Goede voornemens
‘En wat ga jij in het nieuwe jaar helemaal anders doen?’
‘Helemaal anders doen? Waarom moet dat?’
‘Heb jij dan geen goede voornemens?’
‘Luister, stuk gebak. Als ik iets anders zou willen doen, dan doe ik dat nu en niet op een of ander afgesproken tijdstip.’
‘Nou ja, het is toch de normaalste zaak van de wereld dat je aan het begin van het nieuwe jaar kijkt naar wat je in dat komende jaar allemaal wilt bereiken?’
‘Op jouw kalender misschien, neuskalf. Op de mijne niet.’

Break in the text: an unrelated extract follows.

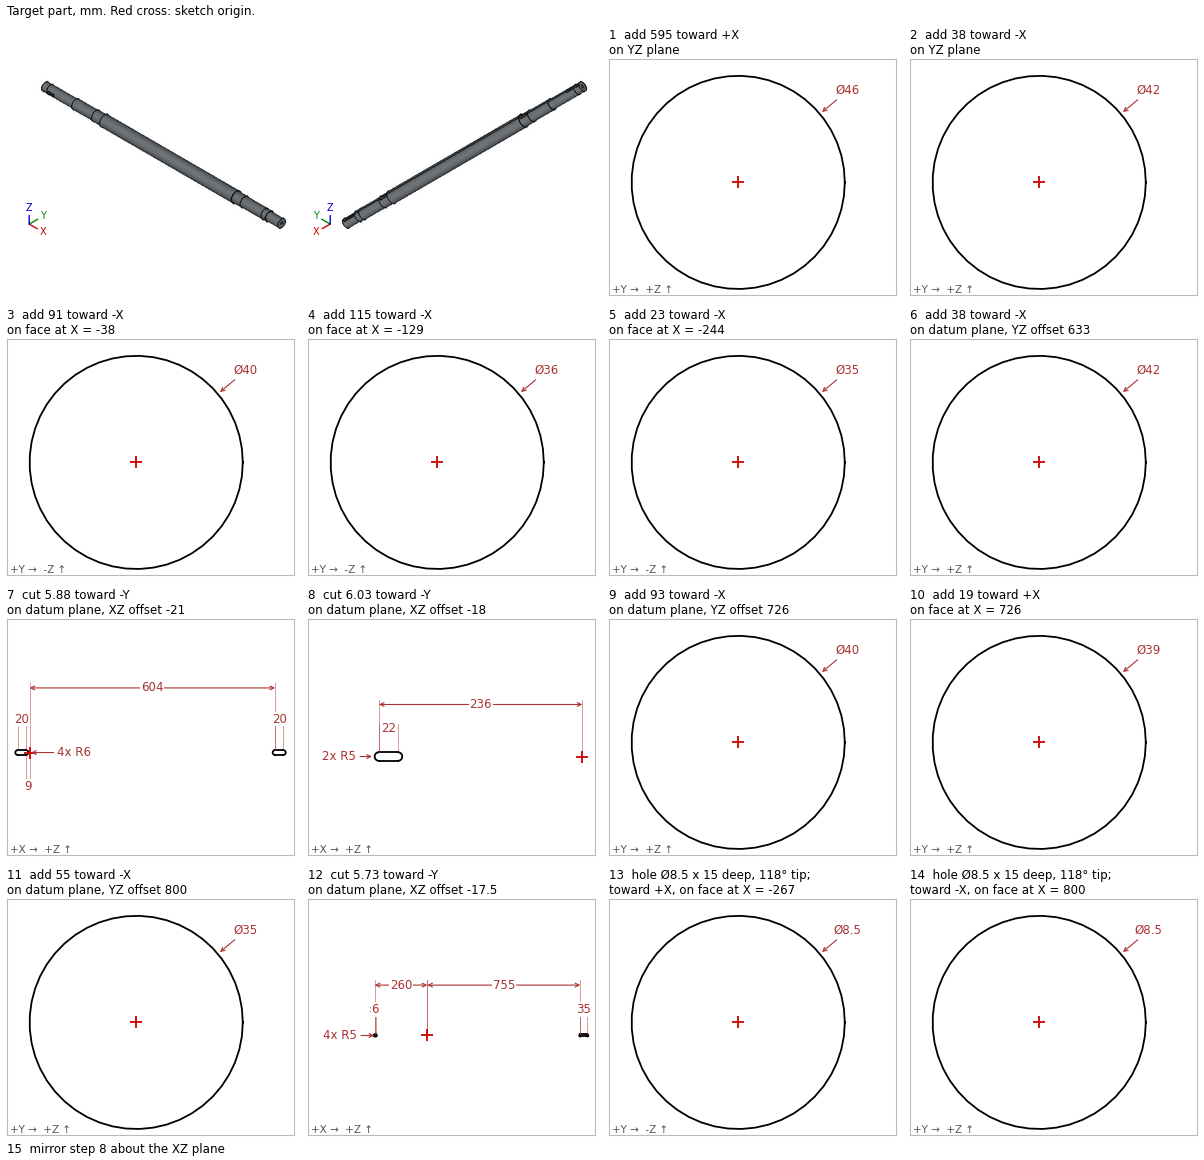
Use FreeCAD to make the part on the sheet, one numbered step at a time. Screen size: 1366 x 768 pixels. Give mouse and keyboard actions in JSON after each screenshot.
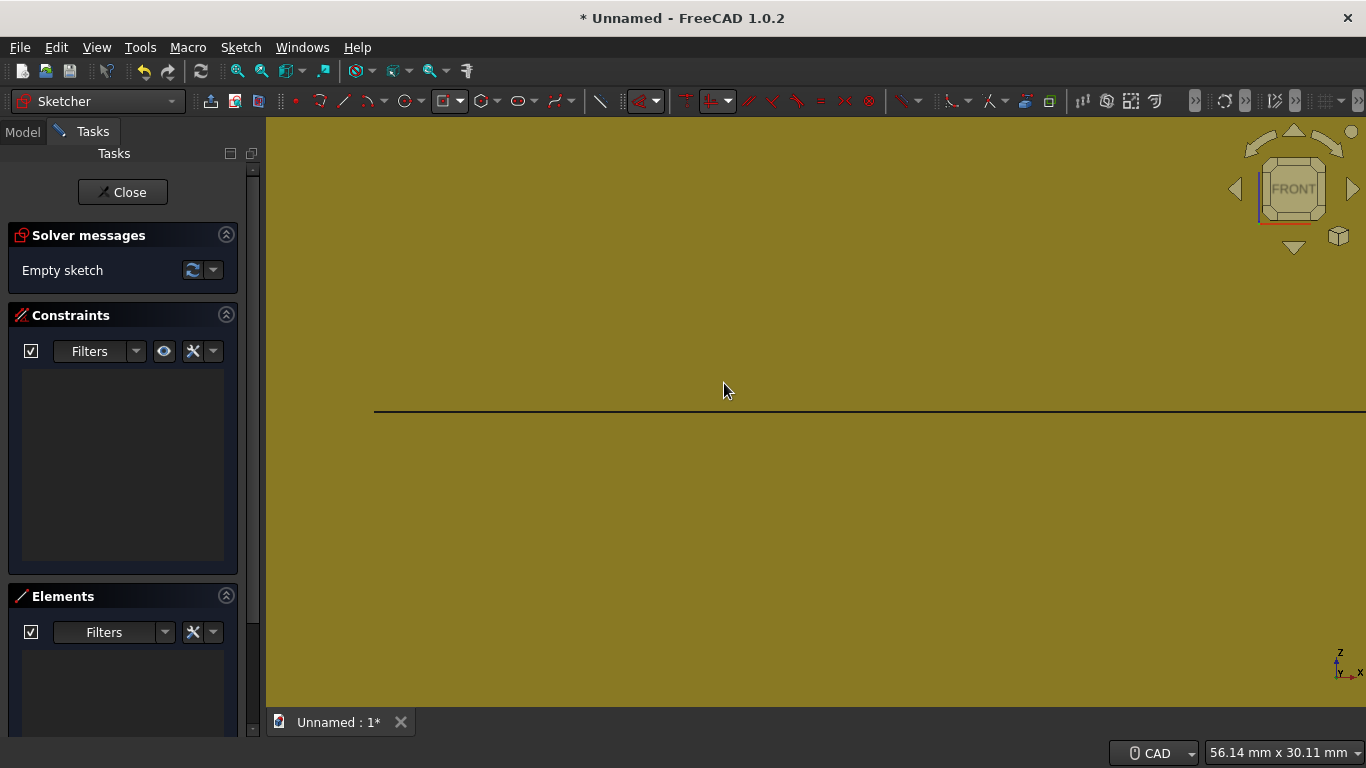
{"action": "key", "text": "g s"}

‘Volgens mij zit jij vandaag niet zo lekker in je vel. Of heb ik het mis?’
‘Aannames!’ schreeuwde ik. ‘Op basis daarvan kan ik geen gesprek voeren. Of we moeten die aannames met z’n tweeën vaststellen.’
‘Sinds wanneer ben jij opeens zo genuanceerd?’
‘Sinds altijd al, voortborduursel. Jij dacht mij te kennen, maar je vergist je.’
‘Ik vergis me zelden.’
‘Dan is zo’n zeldzaam moment weer eens aangebroken,’ zei ik. ‘En nu optiefen.’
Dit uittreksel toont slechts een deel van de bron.